Вернувшись в Россию, Бунин подолгу жил в деревне, тяжело переживал болезнь своей сестры Марии, но все равно самозабвенно работал, писал очерки об Иудее. Одновременно он «задумал писать «Деревню», по-новому изобразил мужиков, – сообщала В. Н. Муромцева-Бунина А. К. Бабореко 9 июля 1950 года, – а задумал он еще в 1908 году».

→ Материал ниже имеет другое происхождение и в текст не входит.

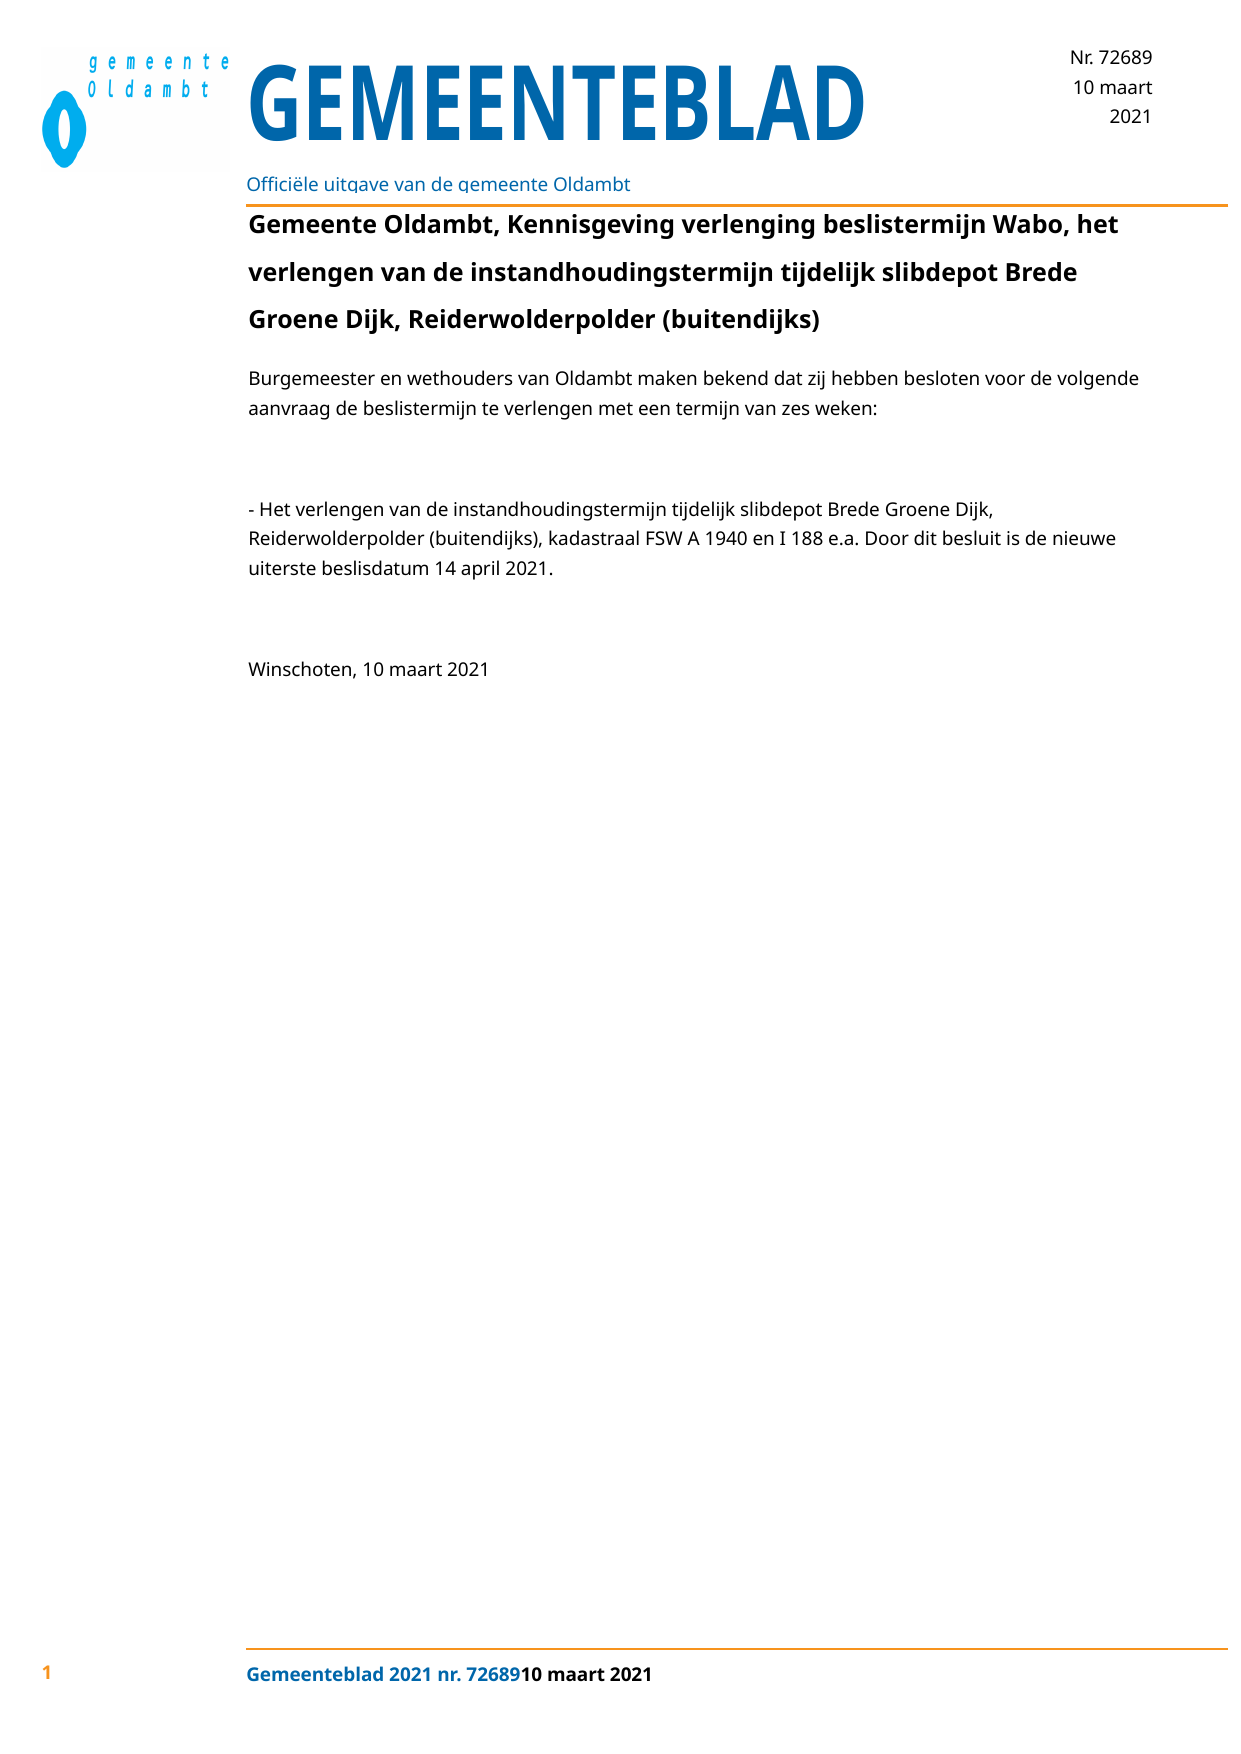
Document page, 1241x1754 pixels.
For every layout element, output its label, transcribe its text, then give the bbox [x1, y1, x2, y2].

picture [41, 47, 231, 172]
text Gemeente Oldambt, Kennisgeving verlenging beslistermijn Wabo, het verlengen van de instandhoudingstermijn tijdelijk slibdepot Brede Groene Dijk, Reiderwolderpolder (buitendijks) [248, 207, 1152, 336]
text - Het verlengen van de instandhoudingstermijn tijdelijk slibdepot Brede Groene Dijk, Reiderwolderpolder (buitendijks), kadastraal FSW A 1940 en I 188 e.a. Door dit besluit is de nieuwe uiterste beslisdatum 14 april 2021. [248, 496, 1152, 581]
text Winschoten, 10 maart 2021 [248, 656, 1152, 682]
text Burgemeester en wethouders van Oldambt maken bekend dat zij hebben besloten voor de volgende aanvraag de beslistermijn te verlengen met een termijn van zes weken: [248, 366, 1152, 421]

«В живую воду сердца и чистую влагу любви, печали и нежности погружаю я корни и стебли моего прошлого – и вот опять, опять дивно прозябает мой заветный злак» («Роза Иерихона»).
В зените творчества
Особенности Бунииа-художника, своеобразие его места среди современников и, шире, в русской литературе XIX–XX веков, иными словами, то новое, что внес писатель в наше словесное искусство, – все это явственно и глубоко раскрывается в произведениях 1910-х годов, в которых, по словам самого Бунина, его занимала «душа русского человека в глубоком смысле, изображение черт психики славянина». И это не было преувеличением. В повестях «Деревня» и «Суходол», в рассказах «Древний человек», «Хорошая жизнь», «Ночной разговор», «Веселый двор», «Игнат», «Захар Воробьев», «Князь во князьях», «Последнее свидание», «Иоанн рыдалец», «Я все молчу», «Худая трава», «Чаша жизни», «Аглая» и т. д. Бунин сознательно ставит задачу – отобразить, в перекличке и полемике с крупнейшими писателями-современниками (и прежде всего – с Горьким), главные, по его мнению, слои русского народа: крестьянство и мещанство («Деревня»), мелкопоместное дворянство («Суходол») – и тем самым наметить общую перспективу в жизни огромной страны.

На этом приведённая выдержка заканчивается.